Opinion filed January 20, 1944.

Jay J. McCarthy, of Chicago, for plaintiff in error.

George F. Barrett, Attorney General, and Thomas J. Courtney, State’s Attorney, of Chicago, (Edward E. Wilson, John T. Gallagher, and Melvin S. Rembe, all of Chicago, of counsel,) for the People.

Mr. Justice Fulton

delivered the opinion of the court:

The plaintiff in error, Lawrence Fog, was indicted in the criminal court of Cook county for rape. The case was tried before a jury on January 12, 1934, and the plaintiff in error was found guilty. In the verdict of the jury the punishment was fixed at the term of ninety-nine years. After motions for new trial and arrest of judgment had been denied, the court on January 17, 1934, sentenced the defendant to imprisonment in the penitentiary for a period of ninetv-nine years. The record shows *390that the time allowed for preparing and filing a bill of exceptions was March 19, 1934. The plaintiff in error now sues out this writ of error. No bill of exceptions was prepared or signed, so the case comes to this court on the common-law record only. Plaintiff in error has been confined in the Illinois State Penitentiary since his sentence for a period of more than nine years. He seeks to reverse the judgment in this "case mainly on the grounds that the courthouse in which he was tried was not at the county seat of Cook county. As no bill of exceptions is included in the record, there is nothing to show where the case was tried except the criminal court of Cook county in the city of Chicago and State of Illinois, and the record does not show where the criminal court of Cook county was, at that time, located.

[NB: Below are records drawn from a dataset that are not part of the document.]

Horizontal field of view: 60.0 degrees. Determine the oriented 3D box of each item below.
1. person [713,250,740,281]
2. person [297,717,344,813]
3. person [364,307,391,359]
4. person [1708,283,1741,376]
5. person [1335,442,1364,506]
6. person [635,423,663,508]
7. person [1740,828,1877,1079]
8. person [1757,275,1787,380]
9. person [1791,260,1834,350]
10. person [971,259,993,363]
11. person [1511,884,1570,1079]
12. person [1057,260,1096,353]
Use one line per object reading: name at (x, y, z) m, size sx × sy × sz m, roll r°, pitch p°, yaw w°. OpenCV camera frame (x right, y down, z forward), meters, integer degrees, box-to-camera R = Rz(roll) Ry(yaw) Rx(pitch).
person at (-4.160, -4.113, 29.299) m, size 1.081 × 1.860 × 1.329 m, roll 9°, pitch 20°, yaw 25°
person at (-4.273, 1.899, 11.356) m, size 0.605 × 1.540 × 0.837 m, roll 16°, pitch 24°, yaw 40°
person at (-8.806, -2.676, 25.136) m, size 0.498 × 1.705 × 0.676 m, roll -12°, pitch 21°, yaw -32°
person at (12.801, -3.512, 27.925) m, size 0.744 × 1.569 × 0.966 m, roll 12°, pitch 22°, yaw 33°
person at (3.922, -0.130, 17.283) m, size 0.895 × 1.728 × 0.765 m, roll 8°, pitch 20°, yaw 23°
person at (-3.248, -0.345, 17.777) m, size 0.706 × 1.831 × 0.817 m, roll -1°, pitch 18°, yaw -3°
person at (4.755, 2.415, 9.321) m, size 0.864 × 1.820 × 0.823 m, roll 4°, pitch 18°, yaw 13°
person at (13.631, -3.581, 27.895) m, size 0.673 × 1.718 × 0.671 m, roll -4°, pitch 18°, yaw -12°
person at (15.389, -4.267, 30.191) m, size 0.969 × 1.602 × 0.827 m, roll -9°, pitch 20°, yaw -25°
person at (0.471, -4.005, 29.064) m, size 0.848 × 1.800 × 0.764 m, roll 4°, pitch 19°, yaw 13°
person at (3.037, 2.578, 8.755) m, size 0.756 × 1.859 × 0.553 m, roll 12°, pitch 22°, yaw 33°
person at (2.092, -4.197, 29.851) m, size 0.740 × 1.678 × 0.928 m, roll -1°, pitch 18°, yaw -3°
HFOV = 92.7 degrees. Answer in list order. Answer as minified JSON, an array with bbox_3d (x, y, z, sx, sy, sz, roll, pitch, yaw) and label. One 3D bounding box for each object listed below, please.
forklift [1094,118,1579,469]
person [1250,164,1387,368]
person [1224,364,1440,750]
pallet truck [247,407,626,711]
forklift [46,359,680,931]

The plaintiff in error contends that all proceedings concerning his conviction" are illegal, null and void, because conducted improperly outside of the original county seat of Cook county and that the court had no jurisdiction to convene as a legally constituted court at a location other than the original county seat. It is his contention that there can be no removal of a county seat without a referendum and a vote of the people. (Ill. Rev. Stat. 1943, chap. 34, pars. 112 to 117.) Even though it be conceded, as stated in the brief of plaintiff in error, that the criminal court building in Cook county was, at the time of his trial, located at Twenty-sixth street and California avenue, a point several miles distant from the county seat but inside the limits of the city of Chicago, the contention of plaintiff in error cannot prevail. This exact question was presented to this court in the case of People v. Bain, 358 Ill. 177. On July 2, 1925, the legislature of the State of Illinois passed an act providing that in counties of 500,000 inhabitants or over, where the county seat is located entirely within the corporate limits of a city or village, the limits of such county seat shall be coextensive with the *391boundaries of such city or village as the same then existed or may thereafter be constituted. In the Bain case'it was contended that such statute was violative of section 4 of article X of the constitution. This court in that case held that even if the act of 1925 was violative of the constitution, nevertheless, the criminal court, by virtue of such statute, is located and functions as the de facto county seat, and the question of whether the criminal court legally acted within the criminal court building was not open for investigation or decisión in that proceeding. After citing the" prior decision of Robinson v. Moore, 25 Ill. 118, this court held that a proceeding such as is presented by this writ of error was not a direct proceeding attacking the validity of the act of 1925 and that the question as to the legal right of the criminal court to exercise its judicial functions at a point without the boundaries of the original town of Chicago was not open in that case. The same statutes and the same authorities that are included in the brief of counsel for plaintiff in error were urged by the counsel for defendant in the Bain case, and after careful review and consideration, this court held that the question raised could not be tried in a collateral manner.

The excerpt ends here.